At 5:40a.m. it occurred to me that maybe the void was undetected, that the missing me was subconscious. Maybe she had lived a full life, with good company and enjoyable experiences. Maybe she had loved and been loved. Maybe she hadn’t thought too much about me. Or maybe she wasn’t the reflecting type. Or so she thought. This would likely change when she saw me across the brunch table. Reality would set it and she would realize what she had been hiding all these years—a palpable ache, a repressed pining, a void so profound it could not be named. Upon seeing me, she would be overcome not by sadness, nor joy, but melancholy: the gratitude of knowing me now, inextricable from the deep regret of not having known me sooner.
I tossed and turned a few more hours on the eve of the most important day of my egg donor’s life. I prepared for the possibility of her radical reflection right there in West Hollywood on the corner of Melrose and North Robertson. A corner on which few grown women had reckoned before.
I would blowdry my hair. I would do my makeup. I would wear a brunch-appropriate blouse and well fitting pants. Being both beautiful and well dressed, I believed would, in some primitive way, bring her peace. At 8 a.m. I began to primp. A few hours later, I arrived at Cecconi's with caked concealer cracking in the pockets of my under eye bags. I was early, underslept, and overdolled. I ordered a mimosa and waited for an older version of myself to walk through the double glass doors.
But then she walked in, a petite blonde with a blow out and an off the shoulder blouse. We hugged. She sat down. We made chit chat as I studied her face and she studied mine, attempting to lay claim to any features we might recognize. They were few and far between. An arched eyebrow here, a curl of the lip there, but by and large any visual similarities felt like a stretch. They required a creative reimagining of what might have been there before. Before the rhinoplasty frenzy of the early '90s. Before cosmetic amendments had softened her more distinctive features.
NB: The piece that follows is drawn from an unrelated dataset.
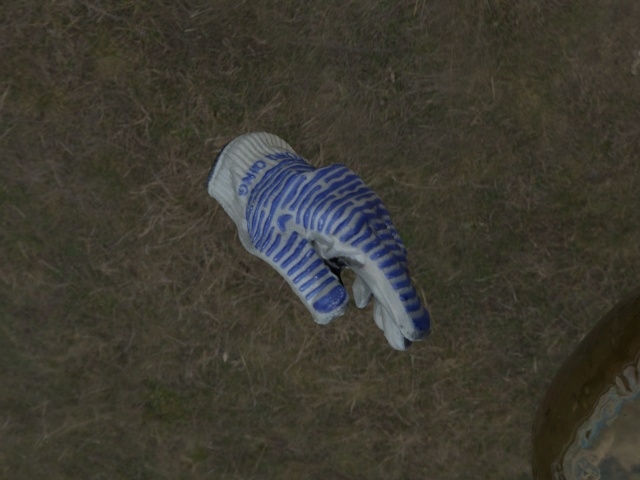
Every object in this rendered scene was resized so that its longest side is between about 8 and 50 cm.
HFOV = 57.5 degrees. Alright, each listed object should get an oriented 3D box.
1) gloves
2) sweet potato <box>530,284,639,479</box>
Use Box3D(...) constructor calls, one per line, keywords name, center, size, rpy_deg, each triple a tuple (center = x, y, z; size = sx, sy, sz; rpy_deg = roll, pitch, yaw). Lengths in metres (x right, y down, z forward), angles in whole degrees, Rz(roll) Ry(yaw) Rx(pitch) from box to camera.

Our similarities were revealed in conversation. Our tendency towards working out. Our preference for tortilla chips. Our habit of staying too long at the party. A slightly lazy left eye that drifted when we drank.
I asked how she knew Mom.
“Well let's see, I guess she was dating Anne and I was dating Jules at the time, and then Judy and Donna got married and Jules and I split up, but we just all stayed friends.”
“Wait, my Mom was a lesbian?”
“Sort of.”
“And so are you?”
“Mostly.”
A smile spread across my face. I’d go home and call my ex-girlfriend and tell her that she was wrong and I was right. Explain that I was bred from a cohort of iconic lesbians. That I hadn’t broken up with her because I was straight, like she insisted, but because I just didn’t love her. That when it came down to the pure science of things—genetics, I mean, environmental and deterministic—I was and had always been half gay on my mother’s side.
The waiter cleared our plates. He left us there as the conversation lulled. Erin reached across the empty table and sighed like it was time to get serious. So here it was. We’d come to the confessional. I’d foreseen the reckoning and I’d prepared. I adjusted the straps of my too- loose-in-the-bust blouse.
She was on the cusp of being earnest. I was scared but I was ready.
I looked at my egg donor, this woman who I now loved but I had never really known. She took my hands in hers, looked down at my nice brunch top and then back at my face and said:
“Sophia, I don’t want you to be under any illusions...I’ve had a breast augmentation.”